John Gordon Sinclair and James Lance are to star as PG Wodehouse creations Jeeves and Wooster

John Gordon Sinclair as Jeeves and James Lance as Bertie Wooster
John Gordon Sinclair as Jeeves and James Lance as Bertie Wooster

It isn’t very often that we hail the imminent arrival in our midst of perfect nonsense but we have to make an exception for Jeeves and Wooster.

Due on stage at the Theatre Royal in the autumn – well, let’s make that imminent(ish) – is the West End Jeeves & Wooster hit, Perfect Nonsense.

This is a new play based on and adapted from the short stories and novels of PG Wodehouse by brothers Robert and David Goodale.

It will leave London on the crest of a wave, having just picked up the Olivier Award as best new comedy.

It is extraordinary to think that hapless Bertie Wooster and his all-knowing, multi-tasking valet Jeeves first made their print appearance when the First World War was at its height.

If that war, despite the current commemorations, seems sepia-toned, Jeeves & Wooster remain as fresh as a pair of daisies. That owes everything to the genius of Wodehouse.

In the touring theatre show James Lance will play Bertie and John Gordon Sinclair will be Jeeves.

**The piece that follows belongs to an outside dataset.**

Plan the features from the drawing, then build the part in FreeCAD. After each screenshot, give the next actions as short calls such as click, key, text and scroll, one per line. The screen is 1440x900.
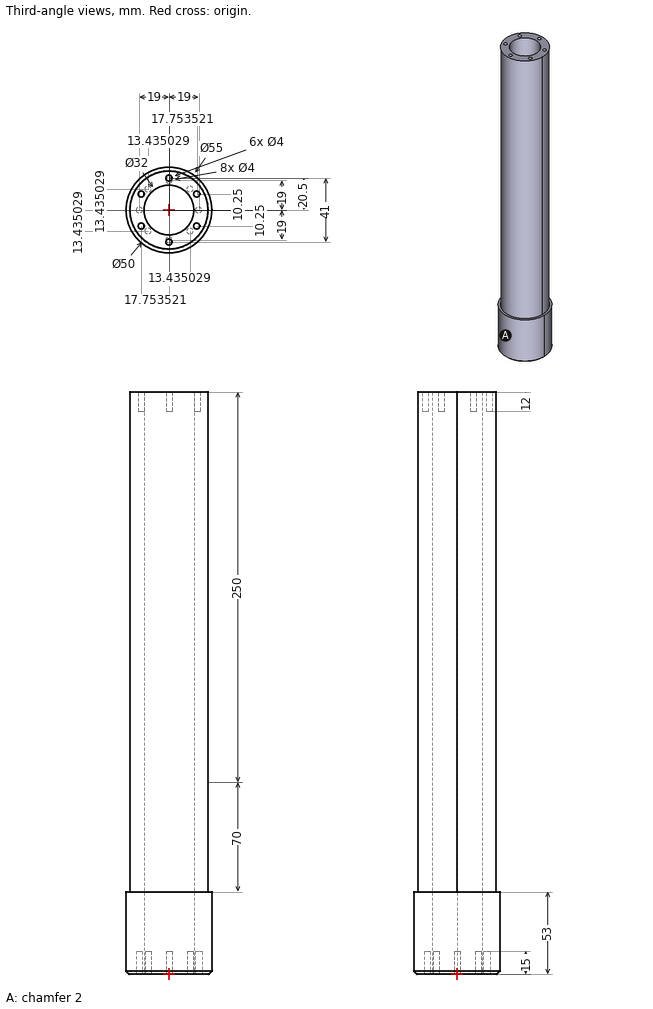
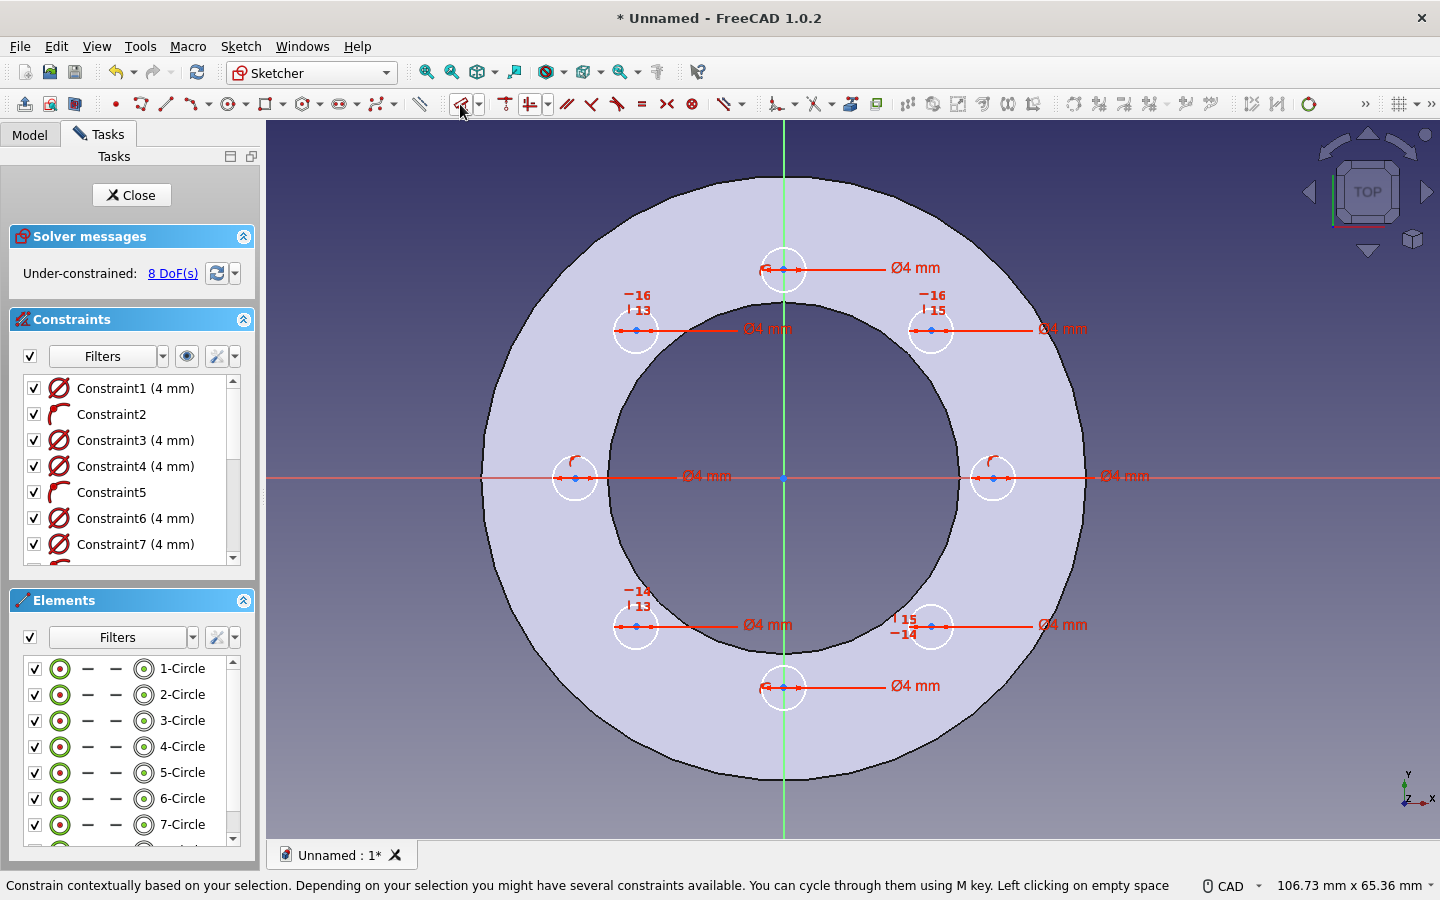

Both are popular and well-known comedy actors. Lance has appeared on TV in Smack the Pony and I’m Alan Partridge while Gordon Sinclair probably gets sick of being reminded that he starred in Bill Forsyth’s 1981 footie film, Gregory’s Girl (but both he and it were/are brilliant).

Co-writer Robert Goodale also does acting duties, playing the part of Seppings.

He and his brother, we learn, grew up enjoying their own particular brand of humour which, they later realised, was not a million miles away from that of Wodehouse, undisputed master of the genre in which he moved with seemingly effortless ease.

While Robert became an actor, David made a living as a documentary film-maker. But their shared sense of humour remained with them.

Two years ago they were encouraged to combine their comic talents to adapt the Wodehouse tale The Code of the Woosters for the stage.

This, created with the blessing of the Wodehouse Estate, is the result.

It is set, as was the Wodehousian way, during a country house weekend with the action hinging on the proposed theft of a silver cow creamer.

Billed as “an evening of raucous comedy, theatrical absurdity and ridiculous antics”, the production, directed by Sean Foley, will be at the Theatre Royal from October 14-18. Box office: 08448 112121.